In diesem Kontext ist es Wissenschaftlern der Universität Kopenhagen gelungen, neue Erkenntnisse über die sogenannten Sonnensteine zu gewinnen, die bislang ausschließlich als einzigartige Funde auf der dänischen Insel Bornholm im Jahr 2010 entdeckt wurden. Obwohl den Steinen bisher keine eindeutige Funktion als Opfergabe zugewiesen werden konnte, liefern neueste Untersuchungsergebnisse wertvolle Hinweise auf eine klimatische Veränderung, die vor etwa 4900 Jahren stattgefunden hat.
Sonnensteine von Bornholm: Forscher lösen Jahrtausende altes Rätsel
Die Sonne nahm in zahlreichen historischen Kulturen eine zentrale Rolle ein und wird häufig als Symbol von besonderer Bedeutung verehrt.

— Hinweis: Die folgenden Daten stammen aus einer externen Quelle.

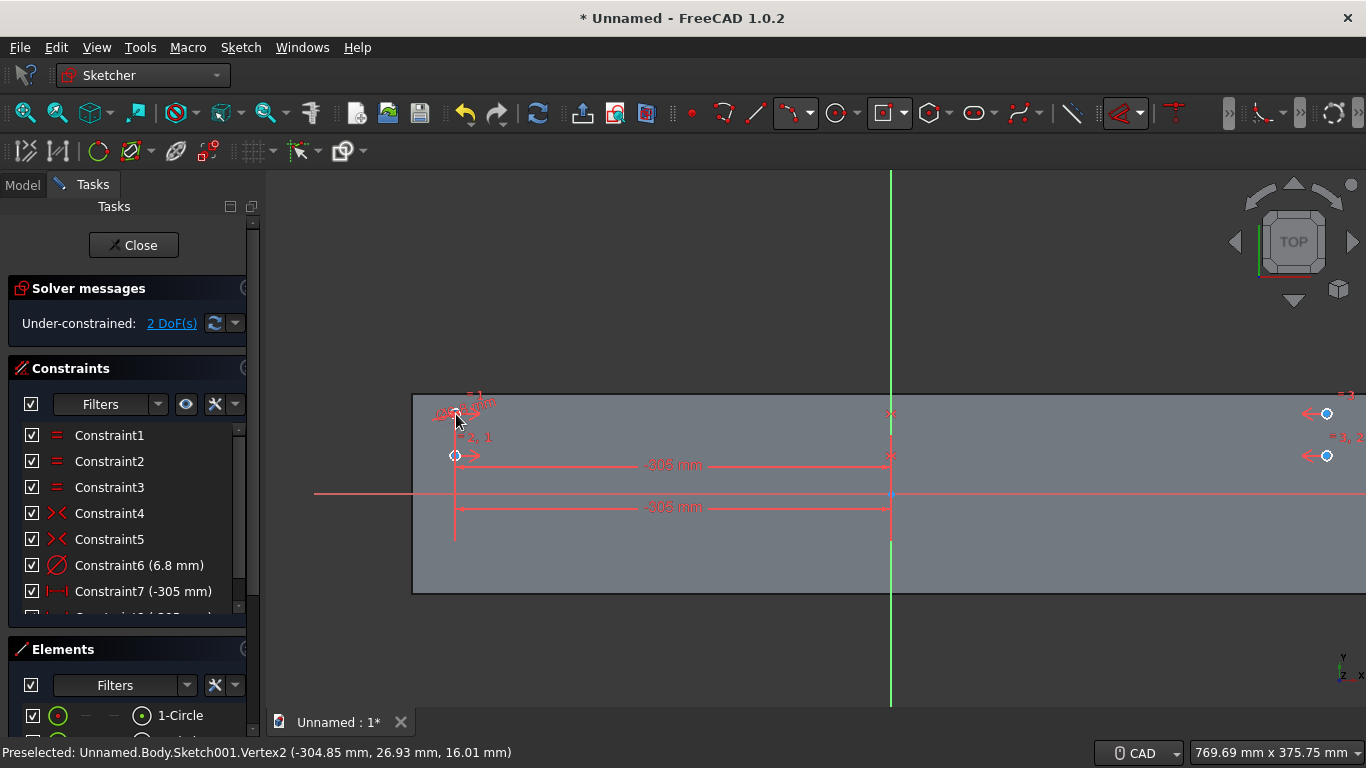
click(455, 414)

Zu den bedeutsamen Artefakten, die auf die kulturelle Relevanz der Sonne hinweisen, zählen der Sonnenwagen von Trundholm und die Himmelsscheibe von Nebra. „Ein einzigartiger Fund in diesem Kontext sind die sogenannten Sonnensteine von Bornholm: Flache Schieferstücke mit eingravierten Mustern und Sonnenmotiven“, erklärt Rune Iversen, ein Wissenschaftler der Universität Kopenhagen. Diese Steine gelten als eine der frühesten Belege für den jungsteinzeitlichen Sonnenkult in Skandinavien.
Die Sonnensteine sind der Trichterbecherkultur zuzuordnen, die um 2900 v. Chr. unter anderem die dänische Insel Bornholm besiedelte. In der jungsteinzeitlichen Anlage von Vasagård wurden in den 2010er Jahren 614 dieser außergewöhnlichen Artefakte entdeckt, deren genaue Funktion bislang nicht eindeutig geklärt werden konnte.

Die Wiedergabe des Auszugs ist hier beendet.